We found a significant increase in accuracy (r2 of imputed against known allele dosages across samples for a given SNP) from use of a local reference panel, which was often substantial for less common variants (Table 1).

Table 1

Mean accuracy of imputation (r2 of allelic dosage across all samples for a SNP) averaged across SNPs split by Minor Allele Frequency (MAF).

MAF	1–3.2%		3.2–10%		10–32%		>32%
Population	Korčula	Orkney	Korčula	Orkney	Korčula	Orkney	Korčula	Orkney
N SNPs	12132	12123	11548	10677	16243	15262	10174	9265
r² 1kG	0.504	0.586	0.729	0.778	0.868	0.894	0.894	0.913
r² 1kG+LRP	0.697	0.753	0.841	0.867	0.916	0.931	0.934	0.944
Increase r²	0.193	0.167	0.112	0.089	0.049	0.037	0.039	0.031
Std dev.	0.309	0.295	0.182	0.157	0.093	0.078	0.074	0.065
Inc. Sample	38%	28%	15%	11%	6%	4%	4%	1%

MAF bins increase by factors of √10, to create four exponentially increasing bins.
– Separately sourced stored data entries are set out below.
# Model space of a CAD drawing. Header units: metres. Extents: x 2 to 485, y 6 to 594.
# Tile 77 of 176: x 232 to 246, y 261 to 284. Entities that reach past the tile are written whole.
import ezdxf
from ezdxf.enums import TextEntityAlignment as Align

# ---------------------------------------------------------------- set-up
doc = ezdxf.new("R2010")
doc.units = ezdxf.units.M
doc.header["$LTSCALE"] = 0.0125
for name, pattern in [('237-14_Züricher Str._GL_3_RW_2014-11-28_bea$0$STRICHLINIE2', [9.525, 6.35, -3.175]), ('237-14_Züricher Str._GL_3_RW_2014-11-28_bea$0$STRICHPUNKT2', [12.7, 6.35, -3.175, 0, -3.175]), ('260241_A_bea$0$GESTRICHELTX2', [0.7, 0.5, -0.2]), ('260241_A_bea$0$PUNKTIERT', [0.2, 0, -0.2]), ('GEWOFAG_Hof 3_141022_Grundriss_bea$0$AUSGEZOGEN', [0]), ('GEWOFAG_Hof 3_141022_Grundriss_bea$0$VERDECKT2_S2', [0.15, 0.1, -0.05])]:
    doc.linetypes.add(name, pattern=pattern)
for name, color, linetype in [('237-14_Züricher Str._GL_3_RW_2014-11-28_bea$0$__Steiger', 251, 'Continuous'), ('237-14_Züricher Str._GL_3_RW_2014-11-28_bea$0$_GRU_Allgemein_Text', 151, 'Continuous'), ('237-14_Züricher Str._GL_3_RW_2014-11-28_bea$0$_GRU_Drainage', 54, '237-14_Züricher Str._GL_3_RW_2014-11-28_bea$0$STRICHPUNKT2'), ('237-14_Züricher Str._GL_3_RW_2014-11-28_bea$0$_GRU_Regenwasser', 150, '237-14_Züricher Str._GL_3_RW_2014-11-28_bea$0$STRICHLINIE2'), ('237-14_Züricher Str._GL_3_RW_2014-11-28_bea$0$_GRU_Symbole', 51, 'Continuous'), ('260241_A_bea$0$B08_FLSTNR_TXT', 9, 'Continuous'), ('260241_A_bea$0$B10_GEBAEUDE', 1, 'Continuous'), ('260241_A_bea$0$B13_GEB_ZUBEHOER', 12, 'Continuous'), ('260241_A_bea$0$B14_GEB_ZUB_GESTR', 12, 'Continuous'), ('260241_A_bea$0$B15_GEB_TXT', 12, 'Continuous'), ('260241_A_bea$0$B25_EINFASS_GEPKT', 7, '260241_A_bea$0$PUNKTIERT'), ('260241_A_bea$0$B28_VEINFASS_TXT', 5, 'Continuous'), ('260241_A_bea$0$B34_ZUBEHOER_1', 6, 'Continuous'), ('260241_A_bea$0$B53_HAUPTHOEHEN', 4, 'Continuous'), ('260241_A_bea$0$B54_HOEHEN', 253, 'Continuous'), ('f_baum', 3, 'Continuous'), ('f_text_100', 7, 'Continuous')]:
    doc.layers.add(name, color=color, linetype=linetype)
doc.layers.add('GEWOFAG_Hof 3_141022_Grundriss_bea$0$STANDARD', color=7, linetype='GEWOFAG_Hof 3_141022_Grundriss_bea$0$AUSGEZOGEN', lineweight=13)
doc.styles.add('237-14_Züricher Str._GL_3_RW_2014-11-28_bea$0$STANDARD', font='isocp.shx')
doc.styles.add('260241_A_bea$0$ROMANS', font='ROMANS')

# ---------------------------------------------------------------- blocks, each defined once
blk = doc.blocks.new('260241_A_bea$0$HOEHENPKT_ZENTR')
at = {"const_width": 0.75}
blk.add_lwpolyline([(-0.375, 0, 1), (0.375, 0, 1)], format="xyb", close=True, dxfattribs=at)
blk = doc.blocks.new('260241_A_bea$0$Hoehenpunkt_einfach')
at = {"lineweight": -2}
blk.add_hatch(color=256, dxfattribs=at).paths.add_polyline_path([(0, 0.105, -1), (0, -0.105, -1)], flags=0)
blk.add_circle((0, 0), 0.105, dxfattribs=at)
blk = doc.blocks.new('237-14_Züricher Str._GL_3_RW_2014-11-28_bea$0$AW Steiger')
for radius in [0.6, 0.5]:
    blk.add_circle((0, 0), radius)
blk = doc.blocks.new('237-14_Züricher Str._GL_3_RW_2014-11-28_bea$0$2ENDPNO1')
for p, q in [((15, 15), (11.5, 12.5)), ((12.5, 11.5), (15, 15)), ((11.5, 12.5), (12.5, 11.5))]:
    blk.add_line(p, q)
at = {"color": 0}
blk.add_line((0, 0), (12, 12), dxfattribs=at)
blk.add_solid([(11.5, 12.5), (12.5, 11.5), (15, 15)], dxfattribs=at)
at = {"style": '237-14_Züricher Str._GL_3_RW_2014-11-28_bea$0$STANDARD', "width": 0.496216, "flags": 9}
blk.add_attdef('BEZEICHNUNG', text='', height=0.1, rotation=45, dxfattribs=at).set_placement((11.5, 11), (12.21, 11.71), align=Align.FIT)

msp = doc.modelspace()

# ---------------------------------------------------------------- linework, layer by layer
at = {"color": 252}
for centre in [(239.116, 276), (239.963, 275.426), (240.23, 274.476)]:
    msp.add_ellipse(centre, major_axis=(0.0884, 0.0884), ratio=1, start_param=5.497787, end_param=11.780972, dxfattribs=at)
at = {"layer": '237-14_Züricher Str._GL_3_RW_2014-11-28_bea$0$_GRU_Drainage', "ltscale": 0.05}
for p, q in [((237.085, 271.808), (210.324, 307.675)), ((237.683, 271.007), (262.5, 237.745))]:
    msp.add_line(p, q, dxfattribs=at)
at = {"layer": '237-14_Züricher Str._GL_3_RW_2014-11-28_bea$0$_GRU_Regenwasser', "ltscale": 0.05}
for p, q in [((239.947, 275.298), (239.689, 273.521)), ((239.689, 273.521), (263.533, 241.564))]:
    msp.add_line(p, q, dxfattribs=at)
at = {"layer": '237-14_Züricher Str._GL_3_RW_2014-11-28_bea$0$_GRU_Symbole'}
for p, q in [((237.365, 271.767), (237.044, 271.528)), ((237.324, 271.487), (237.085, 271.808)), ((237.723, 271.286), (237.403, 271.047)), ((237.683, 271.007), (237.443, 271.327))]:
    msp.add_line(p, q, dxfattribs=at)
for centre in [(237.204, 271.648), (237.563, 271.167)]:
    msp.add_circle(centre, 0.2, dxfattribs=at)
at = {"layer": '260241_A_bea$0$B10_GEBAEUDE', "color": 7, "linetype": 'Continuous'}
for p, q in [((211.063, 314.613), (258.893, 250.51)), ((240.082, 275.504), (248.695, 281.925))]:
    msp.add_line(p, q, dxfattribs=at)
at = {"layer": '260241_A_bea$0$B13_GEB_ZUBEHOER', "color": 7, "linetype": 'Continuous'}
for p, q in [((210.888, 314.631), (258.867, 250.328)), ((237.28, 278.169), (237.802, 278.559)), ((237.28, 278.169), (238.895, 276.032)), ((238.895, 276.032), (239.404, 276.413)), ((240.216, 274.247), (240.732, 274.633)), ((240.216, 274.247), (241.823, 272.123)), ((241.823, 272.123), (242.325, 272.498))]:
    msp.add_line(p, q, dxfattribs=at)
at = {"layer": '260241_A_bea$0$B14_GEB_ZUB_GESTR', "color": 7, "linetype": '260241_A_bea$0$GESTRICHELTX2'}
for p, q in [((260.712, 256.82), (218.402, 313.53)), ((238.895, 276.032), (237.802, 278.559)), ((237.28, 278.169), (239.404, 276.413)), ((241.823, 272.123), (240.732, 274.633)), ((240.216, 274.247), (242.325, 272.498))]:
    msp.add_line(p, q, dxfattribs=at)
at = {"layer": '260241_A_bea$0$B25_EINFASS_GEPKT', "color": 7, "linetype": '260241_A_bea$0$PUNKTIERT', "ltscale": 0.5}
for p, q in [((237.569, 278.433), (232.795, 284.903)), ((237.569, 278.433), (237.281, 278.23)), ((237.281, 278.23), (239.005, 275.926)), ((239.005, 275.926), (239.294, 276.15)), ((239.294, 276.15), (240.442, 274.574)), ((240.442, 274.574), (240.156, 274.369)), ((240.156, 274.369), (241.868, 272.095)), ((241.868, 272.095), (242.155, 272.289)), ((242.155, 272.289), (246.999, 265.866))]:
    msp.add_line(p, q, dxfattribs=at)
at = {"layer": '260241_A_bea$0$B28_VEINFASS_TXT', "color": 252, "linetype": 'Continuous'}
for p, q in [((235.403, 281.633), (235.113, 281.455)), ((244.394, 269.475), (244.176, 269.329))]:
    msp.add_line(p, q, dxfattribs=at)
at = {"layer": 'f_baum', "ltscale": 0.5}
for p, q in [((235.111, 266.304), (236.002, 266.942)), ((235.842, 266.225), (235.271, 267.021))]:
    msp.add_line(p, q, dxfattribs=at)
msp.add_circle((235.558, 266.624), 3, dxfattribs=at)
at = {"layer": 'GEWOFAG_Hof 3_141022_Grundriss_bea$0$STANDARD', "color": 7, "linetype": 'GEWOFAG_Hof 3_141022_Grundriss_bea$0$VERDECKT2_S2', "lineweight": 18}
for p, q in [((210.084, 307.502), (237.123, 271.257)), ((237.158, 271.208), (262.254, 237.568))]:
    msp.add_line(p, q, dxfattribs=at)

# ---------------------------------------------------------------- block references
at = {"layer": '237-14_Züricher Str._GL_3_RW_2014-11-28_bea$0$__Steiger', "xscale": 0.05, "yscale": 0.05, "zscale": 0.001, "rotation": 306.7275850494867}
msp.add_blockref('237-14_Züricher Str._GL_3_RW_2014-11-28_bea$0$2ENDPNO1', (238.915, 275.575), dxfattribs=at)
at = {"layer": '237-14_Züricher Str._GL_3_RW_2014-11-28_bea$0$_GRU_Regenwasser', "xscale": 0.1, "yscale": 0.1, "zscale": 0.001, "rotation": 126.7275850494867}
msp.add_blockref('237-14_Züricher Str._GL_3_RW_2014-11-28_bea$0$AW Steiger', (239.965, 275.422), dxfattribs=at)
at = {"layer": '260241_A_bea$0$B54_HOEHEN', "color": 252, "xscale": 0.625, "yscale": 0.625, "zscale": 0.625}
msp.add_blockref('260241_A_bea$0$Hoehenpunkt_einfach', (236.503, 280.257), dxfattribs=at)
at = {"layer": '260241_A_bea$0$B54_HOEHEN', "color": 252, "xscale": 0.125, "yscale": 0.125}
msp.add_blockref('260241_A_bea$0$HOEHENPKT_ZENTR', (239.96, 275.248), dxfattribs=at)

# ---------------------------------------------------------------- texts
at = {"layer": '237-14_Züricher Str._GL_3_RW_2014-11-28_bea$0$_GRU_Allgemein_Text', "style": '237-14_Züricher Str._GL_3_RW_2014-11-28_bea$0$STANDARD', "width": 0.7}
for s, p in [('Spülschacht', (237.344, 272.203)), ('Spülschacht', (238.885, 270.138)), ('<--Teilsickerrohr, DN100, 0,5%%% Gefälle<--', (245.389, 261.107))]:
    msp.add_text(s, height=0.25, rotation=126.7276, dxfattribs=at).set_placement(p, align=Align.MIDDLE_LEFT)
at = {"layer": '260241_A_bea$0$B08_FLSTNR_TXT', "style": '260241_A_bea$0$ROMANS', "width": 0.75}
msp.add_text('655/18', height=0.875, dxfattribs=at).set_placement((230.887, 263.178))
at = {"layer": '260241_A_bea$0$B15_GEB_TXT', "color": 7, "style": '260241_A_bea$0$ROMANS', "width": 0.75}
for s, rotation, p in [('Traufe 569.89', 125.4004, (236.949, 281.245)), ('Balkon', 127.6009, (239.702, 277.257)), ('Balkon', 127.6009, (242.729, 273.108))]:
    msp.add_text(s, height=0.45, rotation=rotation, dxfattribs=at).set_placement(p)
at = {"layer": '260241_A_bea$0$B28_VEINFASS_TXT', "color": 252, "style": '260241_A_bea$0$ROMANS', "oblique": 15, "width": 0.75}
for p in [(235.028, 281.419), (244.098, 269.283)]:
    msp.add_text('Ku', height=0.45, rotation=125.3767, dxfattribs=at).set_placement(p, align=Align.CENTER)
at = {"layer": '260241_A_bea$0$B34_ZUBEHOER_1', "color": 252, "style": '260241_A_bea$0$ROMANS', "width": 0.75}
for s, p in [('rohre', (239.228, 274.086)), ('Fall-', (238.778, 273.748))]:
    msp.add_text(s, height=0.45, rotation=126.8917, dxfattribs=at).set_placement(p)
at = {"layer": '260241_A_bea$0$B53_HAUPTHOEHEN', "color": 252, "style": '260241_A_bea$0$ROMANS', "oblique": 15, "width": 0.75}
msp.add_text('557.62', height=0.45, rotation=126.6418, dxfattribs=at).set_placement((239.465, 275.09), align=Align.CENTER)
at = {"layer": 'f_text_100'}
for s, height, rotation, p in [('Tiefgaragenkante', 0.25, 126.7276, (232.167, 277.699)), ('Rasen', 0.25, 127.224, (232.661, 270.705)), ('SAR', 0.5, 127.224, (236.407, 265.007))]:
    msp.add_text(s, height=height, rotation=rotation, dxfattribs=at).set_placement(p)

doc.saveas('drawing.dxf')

N SNPs: number of SNPs in MAF bin.

1kG: 1000 Genomes used as reference panel.

1kG+LRP: 1000 Genomes plus local reference panel.
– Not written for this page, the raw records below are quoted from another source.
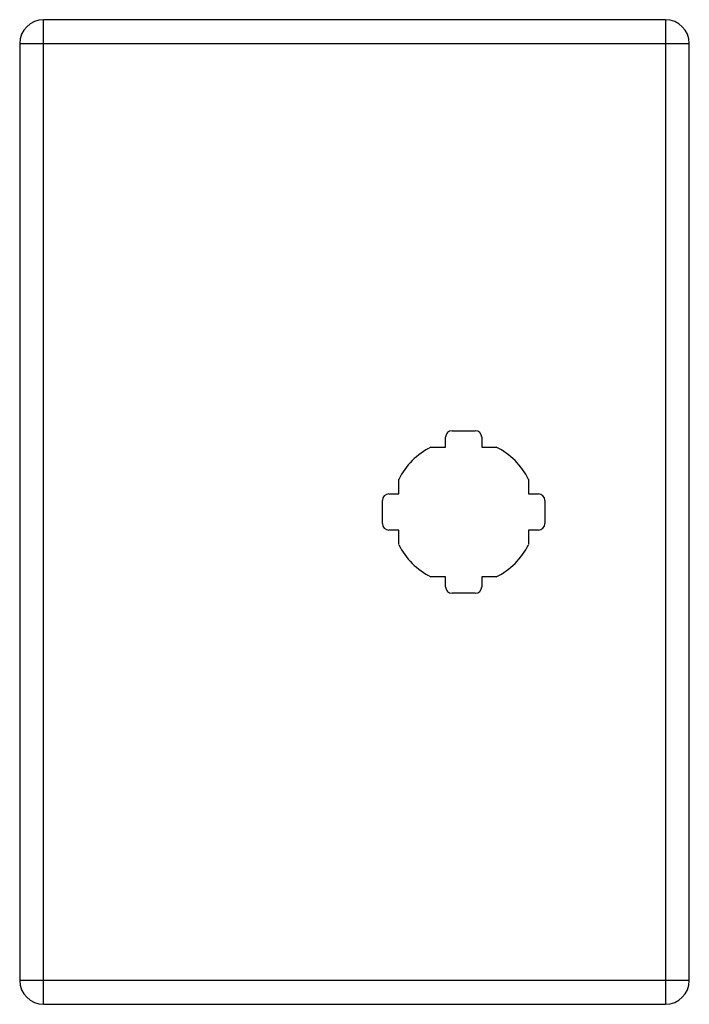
# Model space of a CAD drawing. Header units: inches. Extents: x 6.62 to 10.7, y 1.57 to 7.57.
import ezdxf

# ---------------------------------------------------------------- set-up
doc = ezdxf.new("R2010")
doc.units = ezdxf.units.IN
doc.header["$MEASUREMENT"] = 0
doc.layers.add('Visible Edges(ANSI)', color=7, linetype='Continuous', lineweight=25)
doc.layers.add('Visible Tangent Edges(ANSI)', color=7, linetype='Continuous', lineweight=25)

msp = doc.modelspace()

# ---------------------------------------------------------------- linework, layer by layer
at = {"layer": 'Visible Edges(ANSI)'}
for p, q in [((10.5556, 7.5669), (6.7676, 7.5669)), ((6.6216, 7.4209), (6.6216, 1.7129)), ((6.6216, 7.4209), (6.6216, 7.4209)), ((10.7016, 1.7129), (10.7016, 7.4209)), ((9.2559, 5.0619), (9.3972, 5.0619)), ((9.2166, 4.9626), (9.2166, 5.0226)), ((9.4366, 5.0226), (9.4366, 4.9626)), ((9.1275, 4.9626), (9.2166, 4.9626)), ((9.4366, 4.9626), (9.5256, 4.9626)), ((8.9309, 4.6769), (8.9309, 4.766)), ((9.7222, 4.766), (9.7222, 4.6769)), ((8.8316, 4.4963), (8.8316, 4.6376)), ((8.8709, 4.6769), (8.9309, 4.6769)), ((9.7222, 4.6769), (9.7822, 4.6769)), ((9.8216, 4.6376), (9.8216, 4.4963)), ((8.9309, 4.4569), (8.8709, 4.4569)), ((8.9309, 4.3679), (8.9309, 4.4569)), ((9.7822, 4.4569), (9.7222, 4.4569)), ((9.7222, 4.4569), (9.7222, 4.3679)), ((9.2166, 4.1713), (9.1275, 4.1713)), ((9.2166, 4.1113), (9.2166, 4.1713)), ((9.5256, 4.1713), (9.4366, 4.1713)), ((9.4366, 4.1713), (9.4366, 4.1113)), ((9.3972, 4.0719), (9.2559, 4.0719)), ((6.6216, 1.7129), (6.6216, 1.7129)), ((6.7676, 1.5669), (10.5556, 1.5669))]:
    msp.add_line(p, q, dxfattribs=at)
for centre, radius, start, end in [((6.7676, 7.4209), 0.146, 90, 180), ((10.5556, 7.4209), 0.146, 0, 90), ((9.2559, 5.0226), 0.0394, 90, 180), ((9.3972, 5.0226), 0.0394, 0, 90), ((9.3266, 4.5669), 0.4429, 116.70485, 153.29515), ((9.3266, 4.5669), 0.4429, 26.70485, 63.29515), ((8.8709, 4.6376), 0.0394, 90, 180), ((9.7822, 4.6376), 0.0394, 0, 90), ((8.8709, 4.4963), 0.0394, 180, 270), ((9.7822, 4.4963), 0.0394, 270, 0), ((9.3266, 4.5669), 0.4429, 206.70485, 243.29515), ((9.3266, 4.5669), 0.4429, 296.70485, 333.29515), ((9.2559, 4.1113), 0.0394, 180, 270), ((9.3972, 4.1113), 0.0394, 270, 0), ((6.7676, 1.7129), 0.146, 180, 270), ((10.5556, 1.7129), 0.146, 270, 0)]:
    msp.add_arc(centre, radius, start, end, dxfattribs=at)
at = {"layer": 'Visible Tangent Edges(ANSI)'}
for p, q in [((6.7676, 7.4209), (6.7676, 7.5669)), ((10.5556, 7.5669), (10.5556, 7.4209)), ((6.6216, 7.4209), (6.7676, 7.4209)), ((6.7676, 7.4209), (10.5556, 7.4209)), ((6.7676, 1.7129), (6.7676, 7.4209)), ((10.5556, 7.4209), (10.7016, 7.4209)), ((10.5556, 7.4209), (10.5556, 1.7129)), ((6.7676, 1.7129), (6.6216, 1.7129)), ((6.7676, 1.5669), (6.7676, 1.7129)), ((10.5556, 1.7129), (6.7676, 1.7129)), ((10.5556, 1.7129), (10.5556, 1.5669)), ((10.7016, 1.7129), (10.5556, 1.7129))]:
    msp.add_line(p, q, dxfattribs=at)

doc.saveas('drawing.dxf')

Increase r2: Average across all SNPs in MAF bin increase in r2.

Std dev: The standard deviation (across SNPs) of the increase in r2 at each SNP.

Inc. Sample: Increase in effective sample size for GWAS.

The standard errors of mean increases are less than 0.003. All improvements in r2 are significantly different from zero and significantly different between MAF bands (P<0.001, two-sided t tests).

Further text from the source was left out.